[Opening Data provided section]

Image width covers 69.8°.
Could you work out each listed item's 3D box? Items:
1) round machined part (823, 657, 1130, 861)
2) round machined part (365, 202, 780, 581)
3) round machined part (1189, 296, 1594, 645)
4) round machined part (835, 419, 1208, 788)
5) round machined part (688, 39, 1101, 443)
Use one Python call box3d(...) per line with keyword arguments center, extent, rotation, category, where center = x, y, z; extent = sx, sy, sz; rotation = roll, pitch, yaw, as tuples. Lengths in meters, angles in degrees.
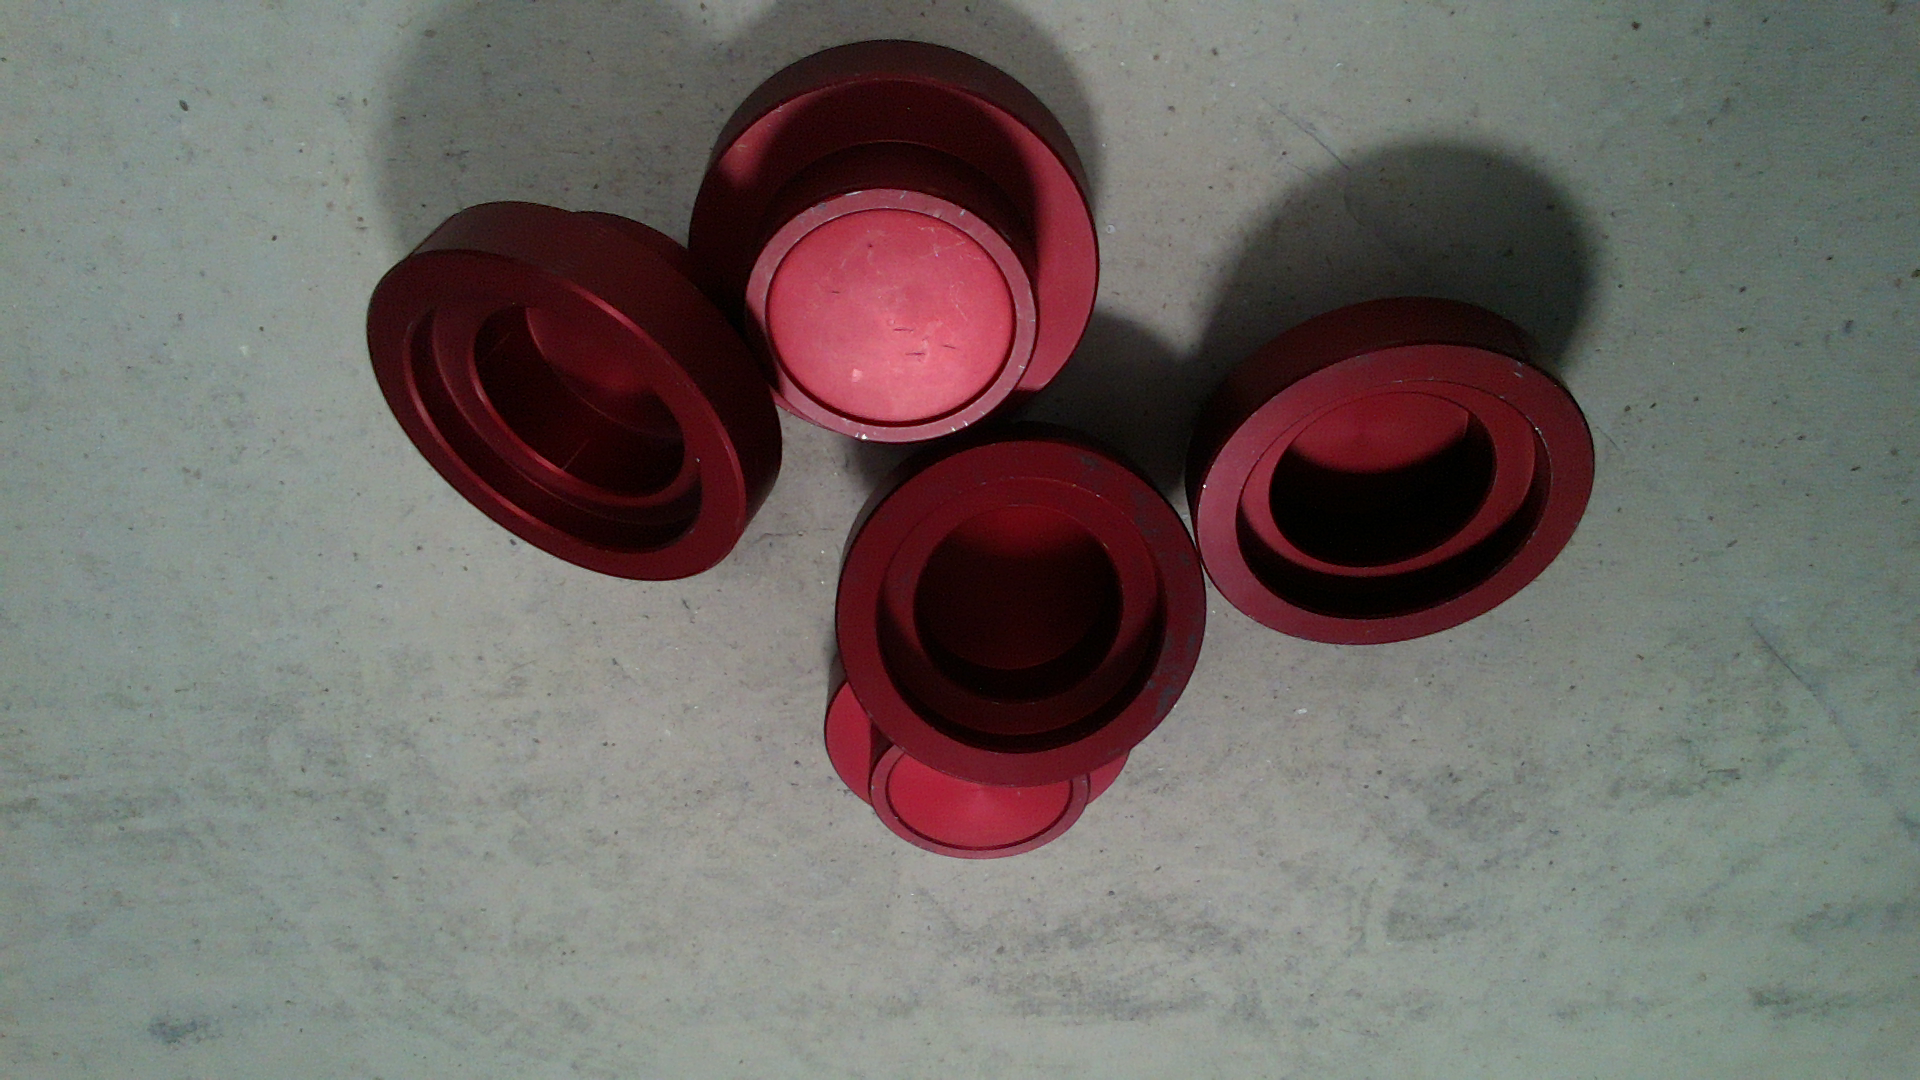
box3d(center=(0.006, 0.064, 0.432), extent=(0.098, 0.042, 0.098), rotation=(0, 130, 0), category="round machined part")
box3d(center=(-0.087, -0.039, 0.332), extent=(0.098, 0.042, 0.098), rotation=(16, 139, 14), category="round machined part")
box3d(center=(0.109, -0.022, 0.362), extent=(0.098, 0.042, 0.098), rotation=(0, 130, 0), category="round machined part")
box3d(center=(0.016, 0.015, 0.378), extent=(0.098, 0.042, 0.098), rotation=(-1, 107, -2), category="round machined part")
box3d(center=(-0.016, -0.062, 0.326), extent=(0.098, 0.042, 0.098), rotation=(0, 130, 0), category="round machined part")

[Closing Data provided section]

- _Activity_: The answer should consist of the lines from the first line of the entries through the line with "5) round machined part (688, 39, 1101, 443)", copied exactly.

- _Reply to the exercise_:
Image width covers 69.8°.
Could you work out each listed item's 3D box? Items:
1) round machined part (823, 657, 1130, 861)
2) round machined part (365, 202, 780, 581)
3) round machined part (1189, 296, 1594, 645)
4) round machined part (835, 419, 1208, 788)
5) round machined part (688, 39, 1101, 443)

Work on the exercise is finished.